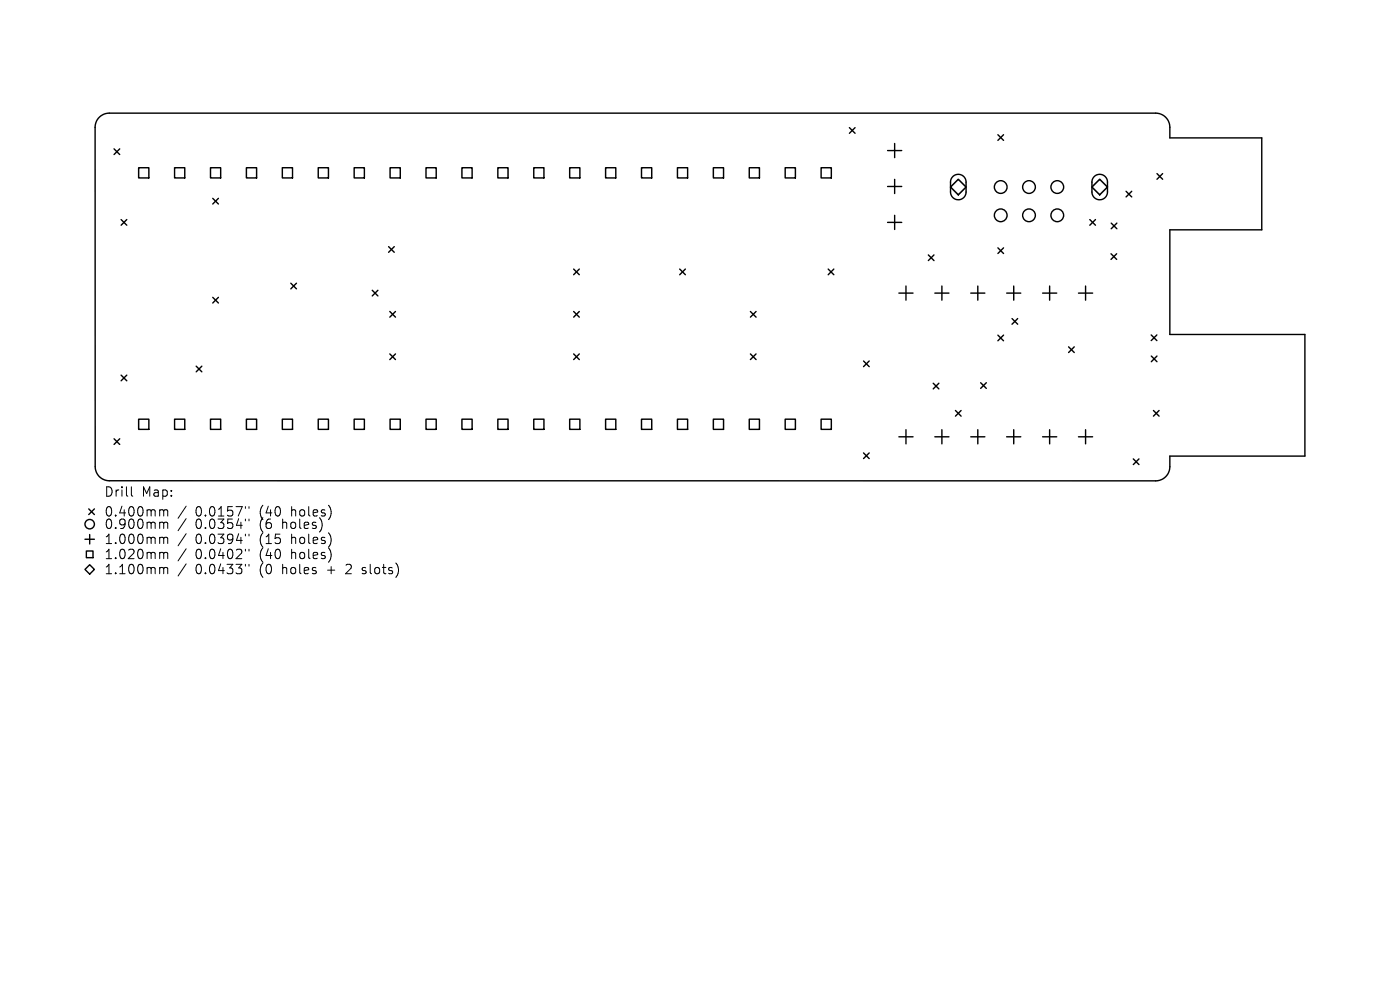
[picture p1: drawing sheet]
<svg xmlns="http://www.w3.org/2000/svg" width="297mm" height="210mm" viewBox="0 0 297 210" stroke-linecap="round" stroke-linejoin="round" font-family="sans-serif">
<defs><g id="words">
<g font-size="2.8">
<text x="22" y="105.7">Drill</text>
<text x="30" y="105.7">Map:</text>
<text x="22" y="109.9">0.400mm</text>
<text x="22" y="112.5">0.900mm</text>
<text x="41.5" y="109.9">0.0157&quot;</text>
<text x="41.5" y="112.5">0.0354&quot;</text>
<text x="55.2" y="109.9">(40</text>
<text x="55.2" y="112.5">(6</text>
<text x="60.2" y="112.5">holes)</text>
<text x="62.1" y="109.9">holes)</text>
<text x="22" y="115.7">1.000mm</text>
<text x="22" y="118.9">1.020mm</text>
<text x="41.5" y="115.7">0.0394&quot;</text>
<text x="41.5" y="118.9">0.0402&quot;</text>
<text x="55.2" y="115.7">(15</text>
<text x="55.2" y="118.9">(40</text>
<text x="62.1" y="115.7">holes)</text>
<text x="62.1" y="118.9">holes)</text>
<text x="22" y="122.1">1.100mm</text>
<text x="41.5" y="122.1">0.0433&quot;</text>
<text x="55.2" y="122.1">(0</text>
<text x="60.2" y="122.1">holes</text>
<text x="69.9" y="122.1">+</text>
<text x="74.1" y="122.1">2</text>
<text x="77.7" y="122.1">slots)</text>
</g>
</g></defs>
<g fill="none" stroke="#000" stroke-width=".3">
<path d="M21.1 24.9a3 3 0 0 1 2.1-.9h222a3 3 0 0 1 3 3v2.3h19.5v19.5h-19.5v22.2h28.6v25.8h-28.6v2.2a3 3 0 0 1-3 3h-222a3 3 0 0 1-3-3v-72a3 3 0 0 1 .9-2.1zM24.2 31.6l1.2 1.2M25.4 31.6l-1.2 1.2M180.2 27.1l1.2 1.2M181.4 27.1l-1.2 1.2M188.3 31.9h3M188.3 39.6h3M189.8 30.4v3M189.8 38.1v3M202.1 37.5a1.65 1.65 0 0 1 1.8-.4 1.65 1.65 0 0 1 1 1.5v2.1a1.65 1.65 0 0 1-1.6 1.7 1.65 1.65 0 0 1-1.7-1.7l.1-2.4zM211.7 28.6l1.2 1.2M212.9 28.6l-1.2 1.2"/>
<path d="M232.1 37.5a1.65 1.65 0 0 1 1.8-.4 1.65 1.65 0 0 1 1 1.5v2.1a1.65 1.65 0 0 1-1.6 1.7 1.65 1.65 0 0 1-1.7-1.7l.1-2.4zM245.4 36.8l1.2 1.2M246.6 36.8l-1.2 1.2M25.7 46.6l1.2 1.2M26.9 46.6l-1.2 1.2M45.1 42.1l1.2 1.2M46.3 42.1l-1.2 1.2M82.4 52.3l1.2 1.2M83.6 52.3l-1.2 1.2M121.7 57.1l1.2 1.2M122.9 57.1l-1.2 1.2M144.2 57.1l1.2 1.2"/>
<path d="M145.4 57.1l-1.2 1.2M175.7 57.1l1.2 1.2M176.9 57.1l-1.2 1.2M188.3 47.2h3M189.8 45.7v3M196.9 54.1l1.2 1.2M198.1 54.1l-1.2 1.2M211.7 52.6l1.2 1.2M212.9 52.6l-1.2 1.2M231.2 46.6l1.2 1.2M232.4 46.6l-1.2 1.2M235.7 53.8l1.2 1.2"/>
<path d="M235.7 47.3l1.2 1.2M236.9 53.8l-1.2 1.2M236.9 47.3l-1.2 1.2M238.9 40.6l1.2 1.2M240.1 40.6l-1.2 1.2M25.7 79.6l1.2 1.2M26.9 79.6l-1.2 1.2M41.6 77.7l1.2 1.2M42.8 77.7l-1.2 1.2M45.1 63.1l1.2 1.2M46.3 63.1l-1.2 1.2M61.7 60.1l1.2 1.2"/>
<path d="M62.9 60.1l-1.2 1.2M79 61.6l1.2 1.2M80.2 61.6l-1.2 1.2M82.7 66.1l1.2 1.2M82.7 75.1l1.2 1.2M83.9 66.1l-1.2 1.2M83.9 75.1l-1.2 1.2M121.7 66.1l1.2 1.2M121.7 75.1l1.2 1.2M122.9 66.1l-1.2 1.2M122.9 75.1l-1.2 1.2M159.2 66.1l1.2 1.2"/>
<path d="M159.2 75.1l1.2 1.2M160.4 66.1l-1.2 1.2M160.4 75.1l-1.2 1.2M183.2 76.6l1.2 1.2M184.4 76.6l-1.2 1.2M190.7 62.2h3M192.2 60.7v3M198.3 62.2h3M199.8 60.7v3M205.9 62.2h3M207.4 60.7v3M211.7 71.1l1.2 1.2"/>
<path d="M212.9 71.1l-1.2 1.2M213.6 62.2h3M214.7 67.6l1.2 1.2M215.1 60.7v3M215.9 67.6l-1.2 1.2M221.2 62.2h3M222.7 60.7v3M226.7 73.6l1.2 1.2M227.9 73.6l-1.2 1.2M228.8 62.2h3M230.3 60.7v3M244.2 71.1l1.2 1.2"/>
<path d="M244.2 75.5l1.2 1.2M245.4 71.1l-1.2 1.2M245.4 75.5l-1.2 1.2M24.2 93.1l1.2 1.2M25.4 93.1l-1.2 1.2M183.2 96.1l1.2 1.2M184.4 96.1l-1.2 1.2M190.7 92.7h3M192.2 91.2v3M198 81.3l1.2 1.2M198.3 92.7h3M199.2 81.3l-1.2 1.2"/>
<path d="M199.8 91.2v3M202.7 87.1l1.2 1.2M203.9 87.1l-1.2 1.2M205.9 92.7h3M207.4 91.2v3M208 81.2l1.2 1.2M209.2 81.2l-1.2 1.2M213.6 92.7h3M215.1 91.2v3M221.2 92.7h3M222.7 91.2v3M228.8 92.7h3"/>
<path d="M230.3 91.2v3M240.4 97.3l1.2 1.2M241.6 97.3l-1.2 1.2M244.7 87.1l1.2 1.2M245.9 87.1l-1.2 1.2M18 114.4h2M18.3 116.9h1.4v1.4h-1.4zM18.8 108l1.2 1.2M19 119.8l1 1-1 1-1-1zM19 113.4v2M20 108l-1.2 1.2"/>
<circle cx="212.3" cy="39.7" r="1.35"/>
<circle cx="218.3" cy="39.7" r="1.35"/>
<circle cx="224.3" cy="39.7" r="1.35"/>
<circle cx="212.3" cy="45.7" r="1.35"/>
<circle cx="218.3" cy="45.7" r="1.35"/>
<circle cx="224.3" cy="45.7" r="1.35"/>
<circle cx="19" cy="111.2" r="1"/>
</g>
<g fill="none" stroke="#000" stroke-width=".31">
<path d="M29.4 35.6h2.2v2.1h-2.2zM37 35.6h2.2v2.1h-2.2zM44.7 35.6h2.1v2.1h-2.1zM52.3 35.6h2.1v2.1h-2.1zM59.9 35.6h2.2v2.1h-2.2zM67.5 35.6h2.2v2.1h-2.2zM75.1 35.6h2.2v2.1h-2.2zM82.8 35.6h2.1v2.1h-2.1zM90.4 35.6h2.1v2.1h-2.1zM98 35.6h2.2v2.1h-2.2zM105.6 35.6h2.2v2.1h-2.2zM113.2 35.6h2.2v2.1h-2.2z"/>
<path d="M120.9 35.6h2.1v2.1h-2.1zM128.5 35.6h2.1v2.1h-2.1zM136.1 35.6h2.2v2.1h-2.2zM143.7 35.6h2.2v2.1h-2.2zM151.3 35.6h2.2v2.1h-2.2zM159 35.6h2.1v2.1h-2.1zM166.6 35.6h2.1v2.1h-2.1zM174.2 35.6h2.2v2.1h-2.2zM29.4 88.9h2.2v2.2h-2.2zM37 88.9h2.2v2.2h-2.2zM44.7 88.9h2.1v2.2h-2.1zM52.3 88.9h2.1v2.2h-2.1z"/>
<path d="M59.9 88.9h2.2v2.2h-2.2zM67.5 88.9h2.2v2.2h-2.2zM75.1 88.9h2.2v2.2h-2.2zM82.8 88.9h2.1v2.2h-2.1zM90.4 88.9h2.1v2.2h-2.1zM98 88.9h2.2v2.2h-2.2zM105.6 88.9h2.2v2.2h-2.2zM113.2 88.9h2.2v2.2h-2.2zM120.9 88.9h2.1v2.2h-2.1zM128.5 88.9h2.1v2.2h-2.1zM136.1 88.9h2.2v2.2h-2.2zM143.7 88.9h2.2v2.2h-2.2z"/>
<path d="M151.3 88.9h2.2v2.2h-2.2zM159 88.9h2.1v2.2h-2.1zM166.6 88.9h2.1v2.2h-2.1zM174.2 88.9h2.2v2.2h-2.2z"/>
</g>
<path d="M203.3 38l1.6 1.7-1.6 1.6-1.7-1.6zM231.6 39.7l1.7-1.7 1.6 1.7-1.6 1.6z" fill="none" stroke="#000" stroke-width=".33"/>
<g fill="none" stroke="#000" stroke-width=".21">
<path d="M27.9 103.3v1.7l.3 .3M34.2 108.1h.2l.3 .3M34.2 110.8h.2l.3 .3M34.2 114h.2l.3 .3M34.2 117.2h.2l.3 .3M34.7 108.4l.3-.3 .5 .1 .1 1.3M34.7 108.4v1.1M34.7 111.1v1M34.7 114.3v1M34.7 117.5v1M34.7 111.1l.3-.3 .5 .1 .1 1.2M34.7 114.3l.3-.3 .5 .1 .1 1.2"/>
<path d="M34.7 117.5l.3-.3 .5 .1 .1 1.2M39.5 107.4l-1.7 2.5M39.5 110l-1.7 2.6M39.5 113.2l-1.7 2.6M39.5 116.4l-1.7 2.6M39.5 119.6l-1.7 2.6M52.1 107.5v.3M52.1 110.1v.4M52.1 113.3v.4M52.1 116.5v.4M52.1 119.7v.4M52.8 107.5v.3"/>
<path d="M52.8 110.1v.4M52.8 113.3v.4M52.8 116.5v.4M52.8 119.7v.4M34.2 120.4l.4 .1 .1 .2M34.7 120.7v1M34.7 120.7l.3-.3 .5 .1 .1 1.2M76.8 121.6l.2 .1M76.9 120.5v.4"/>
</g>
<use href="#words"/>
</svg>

* **Work to be completed**:
Among the lines of the data above, find those with the word "stroke" and show them.

* **Exercise output**:
<svg xmlns="http://www.w3.org/2000/svg" width="297mm" height="210mm" viewBox="0 0 297 210" stroke-linecap="round" stroke-linejoin="round" font-family="sans-serif">
<g fill="none" stroke="#000" stroke-width=".3">
<g fill="none" stroke="#000" stroke-width=".31">
<path d="M203.3 38l1.6 1.7-1.6 1.6-1.7-1.6zM231.6 39.7l1.7-1.7 1.6 1.7-1.6 1.6z" fill="none" stroke="#000" stroke-width=".33"/>
<g fill="none" stroke="#000" stroke-width=".21">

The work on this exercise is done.